Exercise ->
Go through the entries below and pick out every line with "link".

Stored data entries
☆ ☆ ☆ ☆ ☆

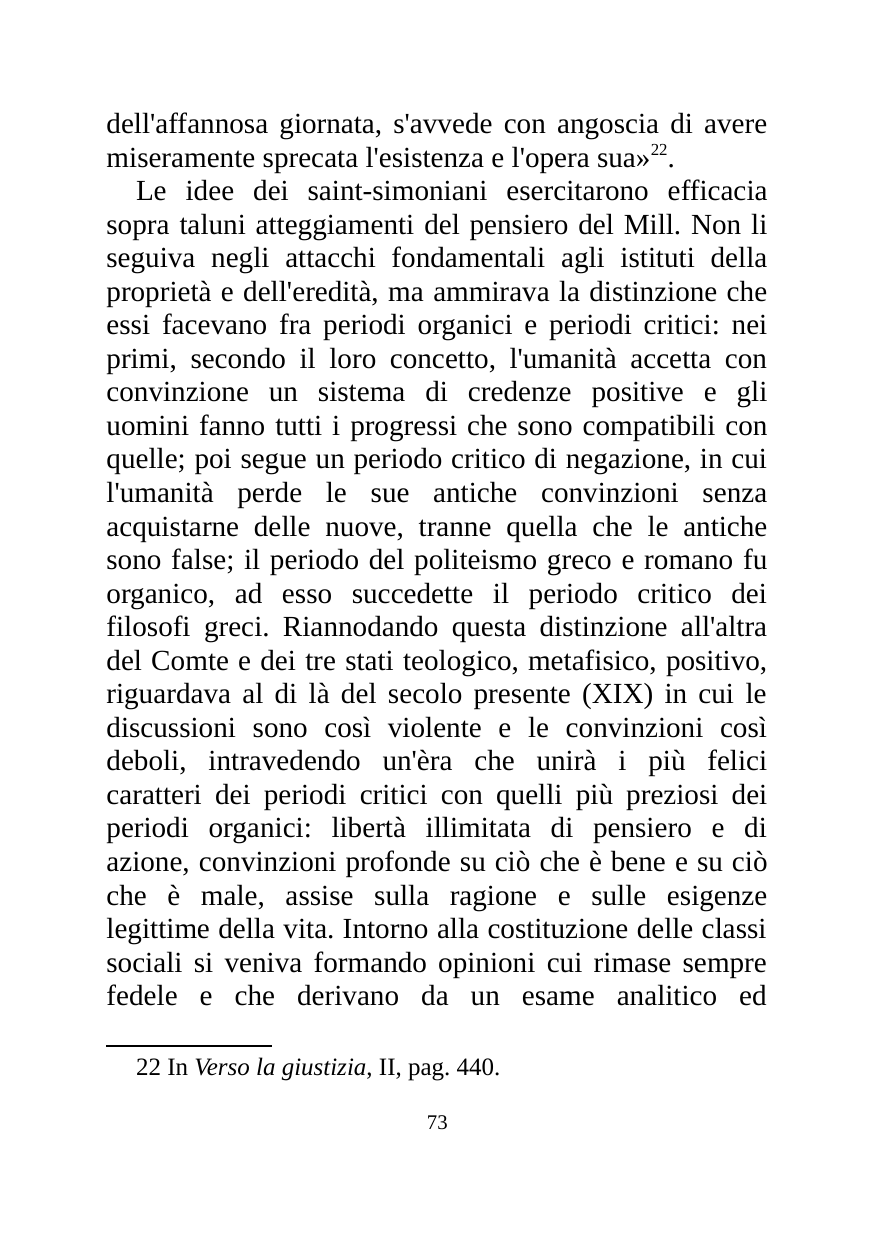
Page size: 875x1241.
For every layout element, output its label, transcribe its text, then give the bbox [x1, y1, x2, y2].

text Le idee dei saint-simoniani esercitarono efficacia sopra taluni atteggiamenti del pensiero del Mill. Non li seguiva negli attacchi fondamentali agli istituti della proprietà e dell'eredità, ma ammirava la distinzione che essi facevano fra periodi organici e periodi critici: nei primi, secondo il loro concetto, l'umanità accetta con convinzione un sistema di credenze positive e gli uomini fanno tutti i progressi che sono compatibili con quelle; poi segue un periodo critico di negazione, in cui l'umanità perde le sue antiche convinzioni senza acquistarne delle nuove, tranne quella che le antiche sono false; il periodo del politeismo greco e romano fu organico, ad esso succedette il periodo critico dei filosofi greci. Riannodando questa distinzione all'altra del Comte e dei tre stati teologico, metafisico, positivo, riguardava al di là del secolo presente (XIX) in cui le discussioni sono così violente e le convinzioni così deboli, intravedendo un'èra che unirà i più felici caratteri dei periodi critici con quelli più preziosi dei periodi organici: libertà illimitata di pensiero e di azione, convinzioni profonde su ciò che è bene e su ciò che è male, assise sulla ragione e sulle esigenze legittime della vita. Intorno alla costituzione delle classi sociali si veniva formando opinioni cui rimase sempre fedele e che derivano da un esame analitico ed [106, 173, 768, 1012]
text In Verso la giustizia, II, pag. 440. [106, 1052, 768, 1080]
text dell'affannosa giornata, s'avvede con angoscia di avere miseramente sprecata l'esistenza e l'opera sua». [106, 106, 768, 173]
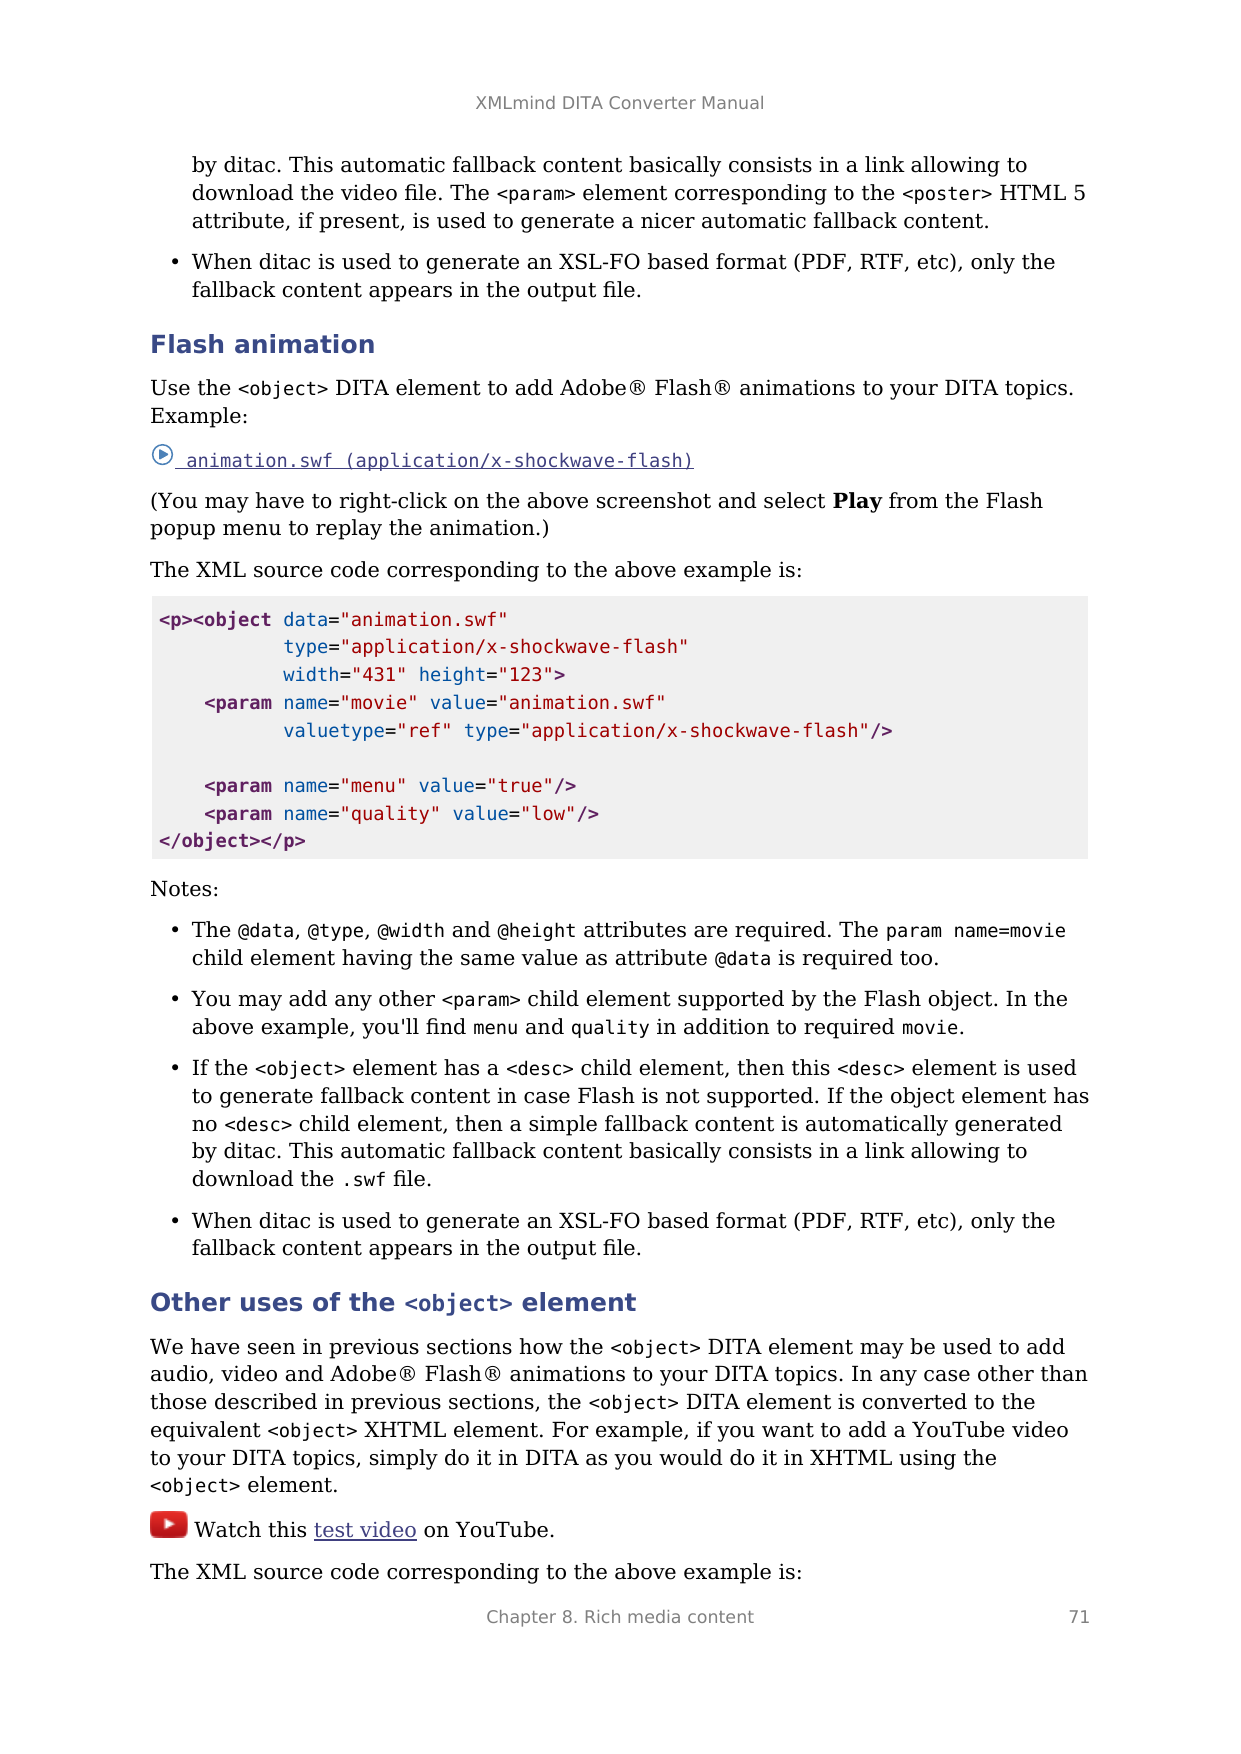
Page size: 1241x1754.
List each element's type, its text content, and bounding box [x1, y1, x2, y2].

picture [150, 1511, 188, 1538]
list When ditac is used to generate an XSL-FO based format (PDF, RTF, etc), only the fallback content appears in the output file. [150, 247, 1090, 302]
text Use the <object> DITA element to add Adobe® Flash® animations to your DITA topics. Example: [150, 373, 1090, 428]
text Flash animation [150, 330, 1090, 359]
text <p><object data="animation.swf" type="application/x-shockwave-flash" width="431" height="123"> <param name="movie" value="animation.swf" valuetype="ref" type="application/x-shockwave-flash"/> <param name="menu" value="true"/> <param name="quality" value="low"/> </object></p> [152, 596, 1088, 859]
text The XML source code corresponding to the above example is: [150, 554, 1090, 582]
text Other uses of the <object> element [150, 1288, 1090, 1318]
text Notes: [150, 873, 1090, 901]
list You may add any other <param> child element supported by the Flash object. In the above example, you'll find menu and quality in addition to required movie. [150, 984, 1090, 1039]
text (You may have to right-click on the above screenshot and select Play from the Flash popup menu to replay the animation.) [150, 485, 1090, 541]
list If the <object> element has a <desc> child element, then this <desc> element is used to generate fallback content in case Flash is not supported. If the object element has no <desc> child element, then a simple fallback content is automatically generated by ditac. This automatic fallback content basically consists in a link allowing to download the .swf file. [150, 1053, 1090, 1192]
list When ditac is used to generate an XSL-FO based format (PDF, RTF, etc), only the fallback content appears in the output file. [150, 1205, 1090, 1261]
text We have seen in previous sections how the <object> DITA element may be used to add audio, video and Adobe® Flash® animations to your DITA topics. In any case other than those described in previous sections, the <object> DITA element is converted to the equivalent <object> XHTML element. For example, if you want to add a YouTube video to your DITA topics, simply do it in DITA as you would do it in XHTML using the <object> element. [150, 1331, 1090, 1498]
text animation.swf (application/x-shockwave-flash) [150, 442, 1090, 472]
list by ditac. This automatic fallback content basically consists in a link allowing to download the video file. The <param> element corresponding to the <poster> HTML 5 attribute, if present, is used to generate a nicer automatic fallback content. [150, 150, 1090, 233]
text Watch this test video on YouTube. [150, 1511, 1090, 1543]
list The @data, @type, @width and @height attributes are required. The param name=movie child element having the same value as attribute @data is required too. [150, 915, 1090, 970]
text The XML source code corresponding to the above example is: [150, 1556, 1090, 1584]
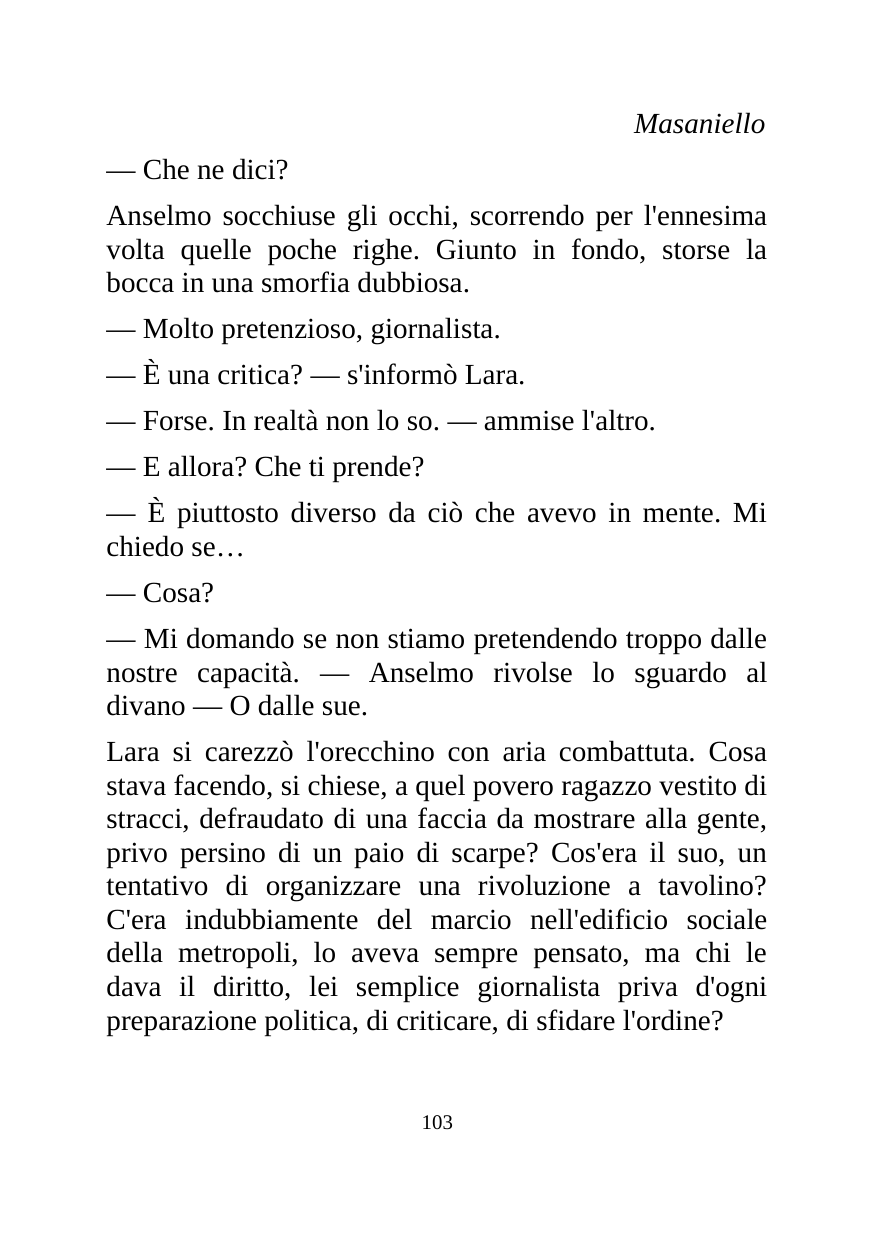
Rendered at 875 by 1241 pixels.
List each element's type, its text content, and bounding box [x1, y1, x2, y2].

text Masaniello [106, 106, 768, 140]
text — È una critica? — s'informò Lara. [106, 357, 768, 391]
text — Cosa? [106, 575, 768, 609]
text — Forse. In realtà non lo so. — ammise l'altro. [106, 403, 768, 437]
text — E allora? Che ti prende? [106, 449, 768, 483]
text — Che ne dici? [106, 152, 768, 186]
text Lara si carezzò l'orecchino con aria combattuta. Cosa stava facendo, si chiese, a quel povero ragazzo vestito di stracci, defraudato di una faccia da mostrare alla gente, privo persino di un paio di scarpe? Cos'era il suo, un tentativo di organizzare una rivoluzione a tavolino? C'era indubbiamente del marcio nell'edificio sociale della metropoli, lo aveva sempre pensato, ma chi le dava il diritto, lei semplice giornalista priva d'ogni preparazione politica, di criticare, di sfidare l'ordine? [106, 734, 768, 1036]
text — Mi domando se non stiamo pretendendo troppo dalle nostre capacità. — Anselmo rivolse lo sguardo al divano — O dalle sue. [106, 621, 768, 722]
text Anselmo socchiuse gli occhi, scorrendo per l'ennesima volta quelle poche righe. Giunto in fondo, storse la bocca in una smorfia dubbiosa. [106, 198, 768, 299]
text — Molto pretenzioso, giornalista. [106, 311, 768, 345]
text — È piuttosto diverso da ciò che avevo in mente. Mi chiedo se… [106, 496, 768, 563]
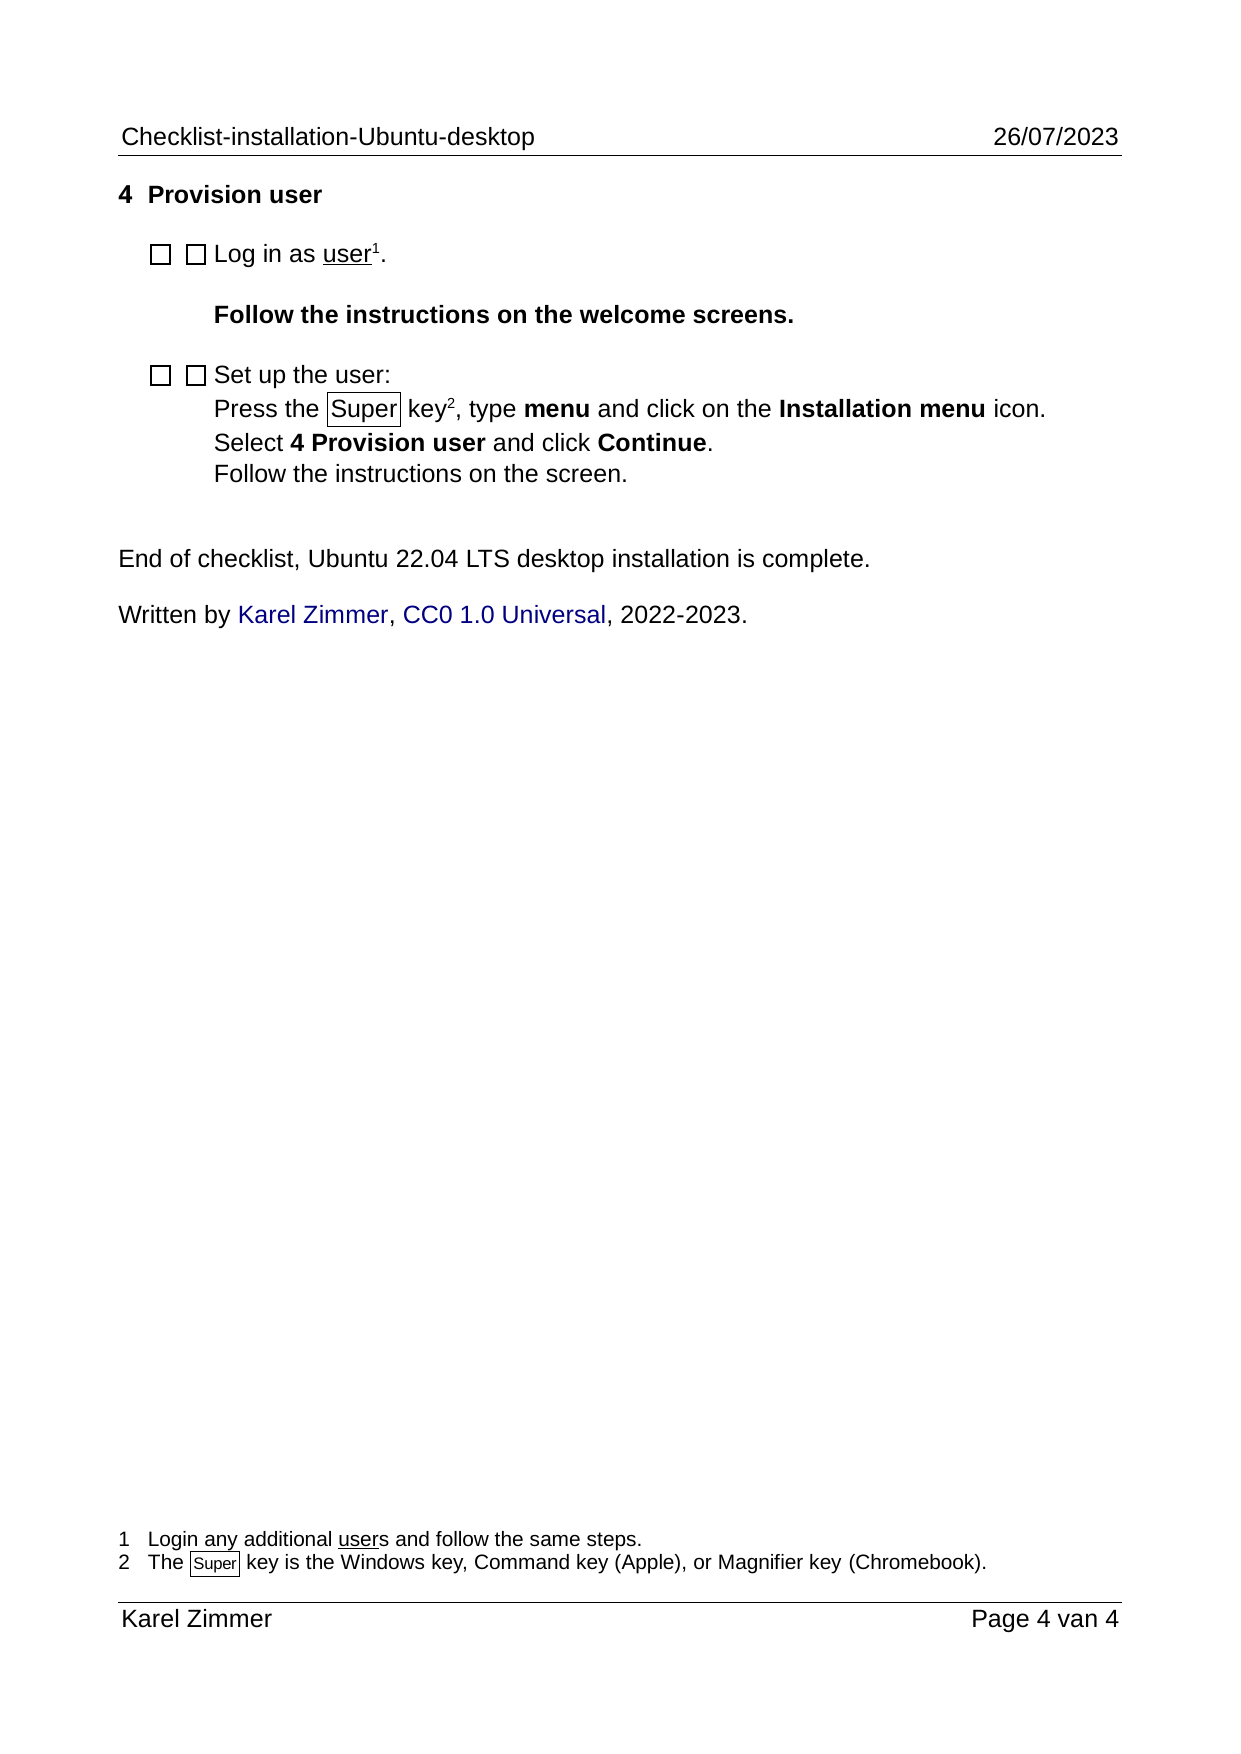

☆ ☆ ☆ ☆ ☆

Written response ->
list If the <object> element has a <desc> child element, then this <desc> element is used to generate fallback content in case Flash is not supported. If the object element has no <desc> child element, then a simple fallback content is automatically generated by ditac. This automatic fallback content basically consists in a link allowing to download the .swf file. [150, 1053, 1090, 1192]
list by ditac. This automatic fallback content basically consists in a link allowing to download the video file. The <param> element corresponding to the <poster> HTML 5 attribute, if present, is used to generate a nicer automatic fallback content. [150, 150, 1090, 233]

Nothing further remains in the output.